§ Problem description
When a line of the records contains "name", copy it.

------ Listed entries ------

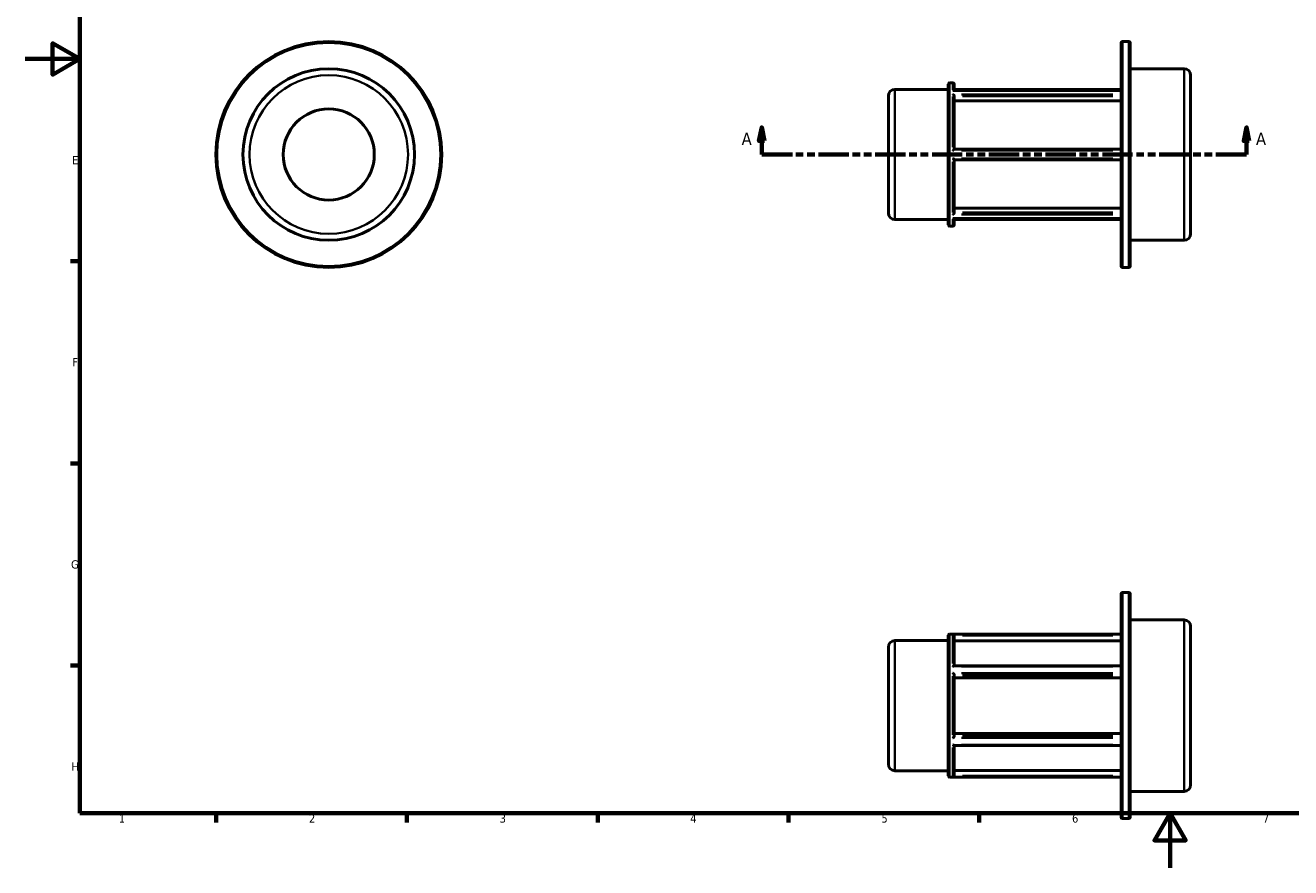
# Model space of a CAD drawing. Header units: millimetres. Extents: x 0 to 898, y 0 to 594.
# Tile 1 of 3: x 0 to 465, y 0 to 309. Entities that reach past the tile are written whole.
import ezdxf

# ---------------------------------------------------------------- set-up
doc = ezdxf.new("R2010")
doc.units = ezdxf.units.MM
doc.linetypes.add('DOUBLE_DASH_CHAIN', pattern=[1.2403, 0.6614, -0.0827, 0.1654, -0.0827, 0.1654, -0.0827])
for name, color, linetype, lineweight in [('Border (ANSI)', 7, 'Continuous', 70), ('Section Line (ANSI)', 7, 'DOUBLE_DASH_CHAIN', 70), ('Visible (ANSI)', 7, 'Continuous', 50), ('Visible Narrow (ANSI)', 7, 'Continuous', 35)]:
    doc.layers.add(name, color=color, linetype=linetype, lineweight=lineweight)
doc.styles.add('Label Text (ANSI)', font='tahoma.ttf')
doc.styles.add('Note Text (ANSI)', font='tahoma.ttf')

# ---------------------------------------------------------------- blocks, each defined once
blk = doc.blocks.new('Borders Default Border')
at = {"layer": 'Border (ANSI)'}
for p, q in [((20, 222.75), (16.55, 222.75)), ((20, 148.5), (16.55, 148.5)), ((20, 74.25), (16.55, 74.25)), ((70.08, 20), (70.08, 16.55)), ((140.17, 20), (140.17, 16.55)), ((210.25, 20), (210.25, 16.55)), ((280.33, 20), (280.33, 16.55)), ((350.42, 20), (350.42, 16.55))]:
    blk.add_line(p, q, dxfattribs=at)
at = {"layer": 'Border (ANSI)', "flags": 128}
for points in [[(20, 20), (20, 574), (821, 574), (821, 20), (20, 20)], [(0, 297), (20, 297), (10, 302.77), (10, 291.23), (20, 297)], [(420.5, 0), (420.5, 20), (414.73, 10), (426.27, 10), (420.5, 20)]]:
    blk.add_lwpolyline(points, dxfattribs=at)
at = {"layer": 'Border (ANSI)', "char_height": 3.05, "attachment_point": 7, "style": 'Note Text (ANSI)'}
for s, insert in [('E', (17.21, 258.35)), ('F', (17.29, 184.1)), ('G', (16.81, 109.79)), ('H', (16.97, 35.6)), ('1', (34.35, 16.55)), ('2', (104.2, 16.55)), ('3', (174.26, 16.49)), ('4', (244.23, 16.55)), ('5', (314.48, 16.49)), ('6', (384.49, 16.49)), ('7', (454.6, 16.55))]:
    blk.add_mtext(s, dxfattribs=dict(at, insert=insert))
blk = doc.blocks.new('2dTransSection0')
at = {"layer": 'Section Line (ANSI)', "linetype": 'Continuous'}
for p, q in [((270.48, 271.93), (269.48, 266.93)), ((270.48, 266.93), (270.48, 271.93)), ((271.48, 266.93), (270.48, 271.93)), ((448.58, 271.93), (447.58, 266.93)), ((448.58, 266.93), (448.58, 271.93)), ((449.58, 266.93), (448.58, 271.93)), ((269.48, 266.93), (271.48, 266.93)), ((270.48, 261.93), (270.48, 266.93)), ((447.58, 266.93), (449.58, 266.93)), ((448.58, 261.93), (448.58, 266.93)), ((270.48, 261.93), (281.74, 261.93)), ((437.33, 261.93), (448.58, 261.93))]:
    blk.add_line(p, q, dxfattribs=at)
at = {"layer": 'Section Line (ANSI)', "linetype": 'DOUBLE_DASH_CHAIN', "ltscale": 16.815035}
blk.add_line((270.48, 261.93), (448.58, 261.93), dxfattribs=at)
at = {"layer": 'Section Line (ANSI)', "linetype": 'Continuous', "flags": 128}
for points in [[(271.48, 266.93), (270.48, 271.93), (269.48, 266.93), (271.48, 266.93)], [(449.58, 266.93), (448.58, 271.93), (447.58, 266.93), (449.58, 266.93)]]:
    blk.add_lwpolyline(points, dxfattribs=at)
at = {"layer": 'Section Line (ANSI)'}
for points in [[(271.48, 266.93), (270.48, 271.93), (269.48, 266.93), (271.48, 266.93)], [(449.58, 266.93), (448.58, 271.93), (447.58, 266.93), (449.58, 266.93)]]:
    blk.add_solid(points, dxfattribs=at)
at = {"layer": 'Section Line (ANSI)', "char_height": 4.57, "attachment_point": 7, "style": 'Label Text (ANSI)'}
for insert in [(263.12, 265.43), (452.05, 265.43)]:
    blk.add_mtext('A', dxfattribs=dict(at, insert=insert))

msp = doc.modelspace()

# ---------------------------------------------------------------- linework, layer by layer
at = {"layer": 'Visible (ANSI)'}
for p, q in [((402.501, 220.905), (402.501, 302.949)), ((402.979, 303.427), (405.353, 303.427)), ((405.831, 302.949), (405.831, 220.905)), ((405.831, 293.427), (425.641, 293.427)), ((339.509, 288.219), (340.753, 288.219)), ((428.031, 291.037), (428.031, 232.818)), ((319.421, 285.829), (339.031, 285.829)), ((339.031, 236.114), (339.031, 287.741)), ((340.967, 285.443), (402.501, 285.443)), ((341.231, 287.741), (341.231, 285.443)), ((341.231, 285.829), (402.501, 285.829)), ((317.031, 240.416), (317.031, 283.439)), ((341.231, 283.265), (341.231, 263.839)), ((402.501, 281.604), (341.231, 281.604)), ((402.501, 263.839), (341.23, 263.839)), ((341.23, 260.015), (402.501, 260.015)), ((341.231, 260.015), (341.231, 240.59)), ((341.231, 242.25), (402.501, 242.25)), ((319.421, 238.026), (339.031, 238.026)), ((340.967, 238.412), (402.501, 238.412)), ((341.231, 238.412), (341.231, 236.114)), ((341.231, 238.026), (402.501, 238.026)), ((339.509, 235.636), (340.753, 235.636)), ((405.831, 230.427), (425.641, 230.427)), ((402.979, 220.427), (405.353, 220.427)), ((402.501, 18.507), (402.501, 100.551)), ((402.979, 101.029), (405.353, 101.029)), ((405.831, 100.551), (405.831, 18.507)), ((405.831, 91.029), (425.641, 91.029)), ((428.031, 88.639), (428.031, 30.419)), ((339.031, 33.715), (339.031, 85.342)), ((339.509, 85.82), (402.501, 85.82)), ((341.231, 85.271), (341.231, 74.136)), ((317.031, 38.017), (317.031, 81.04)), ((319.421, 83.43), (339.031, 83.43)), ((402.501, 83.354), (341.231, 83.354)), ((341.151, 74.136), (402.501, 74.136)), ((341.231, 70.744), (341.231, 48.313)), ((402.501, 69.785), (341.231, 69.785)), ((341.231, 49.272), (402.501, 49.272)), ((341.151, 44.922), (402.501, 44.922)), ((341.231, 44.922), (341.231, 33.786)), ((319.421, 35.627), (339.031, 35.627)), ((339.509, 33.237), (402.501, 33.237)), ((341.231, 35.704), (402.501, 35.704)), ((405.831, 28.029), (425.641, 28.029)), ((402.979, 18.029), (405.353, 18.029))]:
    msp.add_line(p, q, dxfattribs=at)
for radius in [41.5, 31.5, 16.731]:
    msp.add_circle((111.459, 261.927), radius, dxfattribs=at)
for centre, radius, start, end in [((402.979, 302.949), 0.478, 90, 180), ((405.353, 302.949), 0.478, 0, 90), ((425.641, 291.037), 2.39, 0, 90), ((339.509, 287.741), 0.478, 90, 180), ((340.753, 287.741), 0.478, 0, 90), ((319.421, 283.439), 2.39, 90, 180), ((319.421, 240.416), 2.39, 180, 270), ((339.509, 236.114), 0.478, 180, 270), ((340.753, 236.114), 0.478, 270, 0), ((425.641, 232.818), 2.39, 270, 0), ((402.979, 220.905), 0.478, 180, 270), ((405.353, 220.905), 0.478, 270, 0), ((402.979, 100.551), 0.478, 90, 180), ((405.353, 100.551), 0.478, 0, 90), ((425.641, 88.639), 2.39, 0, 90), ((339.509, 85.342), 0.478, 90, 180), ((319.421, 81.04), 2.39, 90, 180), ((319.421, 38.017), 2.39, 180, 270), ((339.509, 33.715), 0.478, 180, 270), ((425.641, 30.419), 2.39, 270, 0), ((402.979, 18.507), 0.478, 180, 270), ((405.353, 18.507), 0.478, 270, 0)]:
    msp.add_arc(centre, radius, start, end, dxfattribs=at)
for points, knots in [([(340.753, 285.392), (340.754, 285.392), (340.755, 285.393), (340.806, 285.415), (340.856, 285.431), (340.925, 285.441), (340.946, 285.443), (340.967, 285.443)], [-0.215485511, -0.215485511, -0.215485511, -0.215485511, -0.214947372, -0.214947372, -0.189056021, -0.189056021, -0.177611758, -0.177611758, -0.177611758, -0.177611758]), ([(341.23, 283.292), (341.227, 283.331), (341.218, 283.373), (341.186, 283.464), (341.162, 283.514), (341.096, 283.624), (341.051, 283.683), (340.964, 283.775), (340.925, 283.811), (340.842, 283.877), (340.799, 283.906), (340.755, 283.93), (340.754, 283.931), (340.753, 283.931)], [-0.088459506, -0.088459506, -0.088459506, -0.088459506, -0.074705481, -0.074705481, -0.058269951, -0.058269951, -0.035862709, -0.035862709, -0.018254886, -0.018254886, 0, 0, 0.000439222, 0.000439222, 0.000439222, 0.000439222]), ([(340.753, 263.388), (340.754, 263.389), (340.755, 263.39), (340.806, 263.441), (340.856, 263.491), (340.95, 263.584), (340.995, 263.628), (341.08, 263.71), (341.12, 263.748), (341.178, 263.8), (341.199, 263.818), (341.222, 263.836), (341.228, 263.839), (341.23, 263.839)], [-0.21548551, -0.21548551, -0.21548551, -0.21548551, -0.21494737, -0.21494737, -0.18905602, -0.18905602, -0.16437051, -0.16437051, -0.13882001, -0.13882001, -0.11969472, -0.11969472, -0.10654987, -0.10654987, -0.10654987, -0.10654987]), ([(341.23, 260.015), (341.227, 260.015), (341.218, 260.022), (341.186, 260.048), (341.162, 260.069), (341.096, 260.13), (341.051, 260.173), (340.964, 260.257), (340.925, 260.296), (340.842, 260.377), (340.799, 260.42), (340.755, 260.465), (340.754, 260.466), (340.753, 260.467)], [-0.088459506, -0.088459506, -0.088459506, -0.088459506, -0.074705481, -0.074705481, -0.058269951, -0.058269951, -0.035862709, -0.035862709, -0.018254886, -0.018254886, 0, 0, 0.000439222, 0.000439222, 0.000439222, 0.000439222]), ([(340.753, 239.924), (340.754, 239.924), (340.755, 239.925), (340.806, 239.953), (340.856, 239.987), (340.95, 240.066), (340.995, 240.11), (341.08, 240.21), (341.12, 240.267), (341.178, 240.373), (341.199, 240.421), (341.222, 240.5), (341.228, 240.532), (341.23, 240.563)], [-0.21548551, -0.21548551, -0.21548551, -0.21548551, -0.21494737, -0.21494737, -0.18905602, -0.18905602, -0.16437051, -0.16437051, -0.13882001, -0.13882001, -0.11969472, -0.11969472, -0.10654987, -0.10654987, -0.10654987, -0.10654987]), ([(340.967, 238.412), (340.94, 238.412), (340.912, 238.414), (340.842, 238.428), (340.799, 238.442), (340.755, 238.462), (340.754, 238.463), (340.753, 238.463)], [-0.030480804, -0.030480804, -0.030480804, -0.030480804, -0.018254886, -0.018254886, 0, 0, 0.000439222, 0.000439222, 0.000439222, 0.000439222]), ([(341.23, 85.303), (341.227, 85.348), (341.218, 85.392), (341.186, 85.483), (341.162, 85.528), (341.096, 85.62), (341.051, 85.662), (340.964, 85.72), (340.925, 85.74), (340.842, 85.768), (340.799, 85.777), (340.755, 85.78), (340.754, 85.78), (340.753, 85.78)], [-0.088459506, -0.088459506, -0.088459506, -0.088459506, -0.074705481, -0.074705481, -0.058269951, -0.058269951, -0.035862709, -0.035862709, -0.018254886, -0.018254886, 0, 0, 0.000439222, 0.000439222, 0.000439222, 0.000439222]), ([(340.753, 73.919), (340.754, 73.92), (340.755, 73.921), (340.806, 73.964), (340.856, 74.001), (340.95, 74.063), (340.995, 74.089), (341.079, 74.125), (341.119, 74.136), (341.151, 74.136)], [-0.215485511, -0.215485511, -0.215485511, -0.215485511, -0.214947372, -0.214947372, -0.189056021, -0.189056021, -0.164370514, -0.164370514, -0.139389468, -0.139389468, -0.139389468, -0.139389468]), ([(341.23, 70.76), (341.227, 70.782), (341.218, 70.81), (341.186, 70.878), (341.162, 70.919), (341.096, 71.017), (341.051, 71.076), (340.964, 71.178), (340.925, 71.221), (340.842, 71.306), (340.799, 71.348), (340.755, 71.387), (340.754, 71.388), (340.753, 71.389)], [-0.088459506, -0.088459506, -0.088459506, -0.088459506, -0.074705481, -0.074705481, -0.058269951, -0.058269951, -0.035862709, -0.035862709, -0.018254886, -0.018254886, 0, 0, 0.000439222, 0.000439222, 0.000439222, 0.000439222]), ([(340.753, 47.668), (340.754, 47.669), (340.755, 47.67), (340.806, 47.716), (340.856, 47.764), (340.95, 47.864), (340.995, 47.914), (341.08, 48.019), (341.12, 48.074), (341.178, 48.166), (341.199, 48.203), (341.222, 48.26), (341.228, 48.28), (341.23, 48.298)], [-0.21548551, -0.21548551, -0.21548551, -0.21548551, -0.21494737, -0.21494737, -0.18905602, -0.18905602, -0.16437051, -0.16437051, -0.13882001, -0.13882001, -0.11969472, -0.11969472, -0.10654987, -0.10654987, -0.10654987, -0.10654987]), ([(341.151, 44.922), (341.146, 44.922), (341.14, 44.922), (341.096, 44.927), (341.051, 44.943), (340.964, 44.986), (340.925, 45.01), (340.842, 45.067), (340.799, 45.1), (340.755, 45.137), (340.754, 45.137), (340.753, 45.138)], [-0.061670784, -0.061670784, -0.061670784, -0.061670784, -0.058269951, -0.058269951, -0.035862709, -0.035862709, -0.018254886, -0.018254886, 0, 0, 0.000439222, 0.000439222, 0.000439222, 0.000439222]), ([(340.753, 33.278), (340.754, 33.278), (340.755, 33.278), (340.806, 33.281), (340.856, 33.292), (340.95, 33.329), (340.995, 33.355), (341.08, 33.423), (341.12, 33.467), (341.178, 33.559), (341.199, 33.604), (341.222, 33.685), (341.228, 33.72), (341.23, 33.755)], [-0.21548551, -0.21548551, -0.21548551, -0.21548551, -0.21494737, -0.21494737, -0.18905602, -0.18905602, -0.16437051, -0.16437051, -0.13882001, -0.13882001, -0.11969472, -0.11969472, -0.10654987, -0.10654987, -0.10654987, -0.10654987])]:
    msp.add_open_spline(points, degree=3, knots=knots, dxfattribs=at)
for points in [[(341.231, 283.265), (341.231, 283.274), (341.231, 283.283), (341.23, 283.292)], [(341.23, 240.563), (341.231, 240.572), (341.231, 240.581), (341.231, 240.59)], [(341.231, 85.271), (341.231, 85.282), (341.231, 85.292), (341.23, 85.303)], [(341.231, 70.744), (341.231, 70.749), (341.231, 70.754), (341.23, 70.76)], [(341.23, 48.298), (341.231, 48.303), (341.231, 48.308), (341.231, 48.313)], [(341.23, 33.755), (341.231, 33.766), (341.231, 33.776), (341.231, 33.786)]]:
    msp.add_open_spline(points, degree=3, dxfattribs=at)
at = {"layer": 'Visible Narrow (ANSI)'}
for p, q in [((402.979, 302.916), (402.979, 220.938)), ((405.353, 220.938), (405.353, 302.916)), ((425.641, 230.815), (425.641, 293.04)), ((340.753, 285.663), (340.753, 288.212)), ((319.421, 285.535), (319.421, 238.32)), ((339.509, 287.895), (339.509, 235.959)), ((343.841, 285.392), (399.414, 285.392)), ((399.414, 283.931), (343.841, 283.931)), ((340.753, 264.615), (340.753, 283.234)), ((344.294, 283.292), (399.438, 283.292)), ((343.841, 263.388), (399.414, 263.388)), ((399.414, 260.467), (343.841, 260.467)), ((340.753, 240.621), (340.753, 259.24)), ((340.753, 235.643), (340.753, 238.192)), ((343.841, 239.924), (399.414, 239.924)), ((399.414, 238.463), (343.841, 238.463)), ((399.438, 240.563), (344.294, 240.563)), ((402.979, 100.518), (402.979, 18.54)), ((405.353, 18.54), (405.353, 100.518)), ((425.641, 28.417), (425.641, 90.641)), ((339.509, 85.497), (339.509, 33.561)), ((340.753, 74.933), (340.753, 85.683)), ((399.414, 85.78), (343.841, 85.78)), ((344.294, 85.303), (399.438, 85.303)), ((319.421, 83.136), (319.421, 35.922)), ((340.753, 48.779), (340.753, 70.279)), ((343.841, 73.919), (399.414, 73.919)), ((399.414, 71.389), (343.841, 71.389)), ((344.294, 70.76), (399.438, 70.76)), ((343.841, 47.668), (399.414, 47.668)), ((399.438, 48.298), (344.294, 48.298)), ((340.753, 33.375), (340.753, 44.125)), ((399.414, 45.138), (343.841, 45.138)), ((343.841, 33.278), (399.414, 33.278)), ((399.438, 33.755), (344.294, 33.755))]:
    msp.add_line(p, q, dxfattribs=at)
for radius in [41.022, 29.11]:
    msp.add_circle((111.459, 261.927), radius, dxfattribs=at)

# ---------------------------------------------------------------- block references
msp.add_blockref('Borders Default Border', (0, 0))
at = {"layer": 'Section Line (ANSI)'}
msp.add_blockref('2dTransSection0', (0, 0), dxfattribs=at)

doc.saveas('drawing.dxf')

------

§ Response area
for name, color, linetype, lineweight in [('Border (ANSI)', 7, 'Continuous', 70), ('Section Line (ANSI)', 7, 'DOUBLE_DASH_CHAIN', 70), ('Visible (ANSI)', 7, 'Continuous', 50), ('Visible Narrow (ANSI)', 7, 'Continuous', 35)]:
    doc.layers.add(name, color=color, linetype=linetype, lineweight=lineweight)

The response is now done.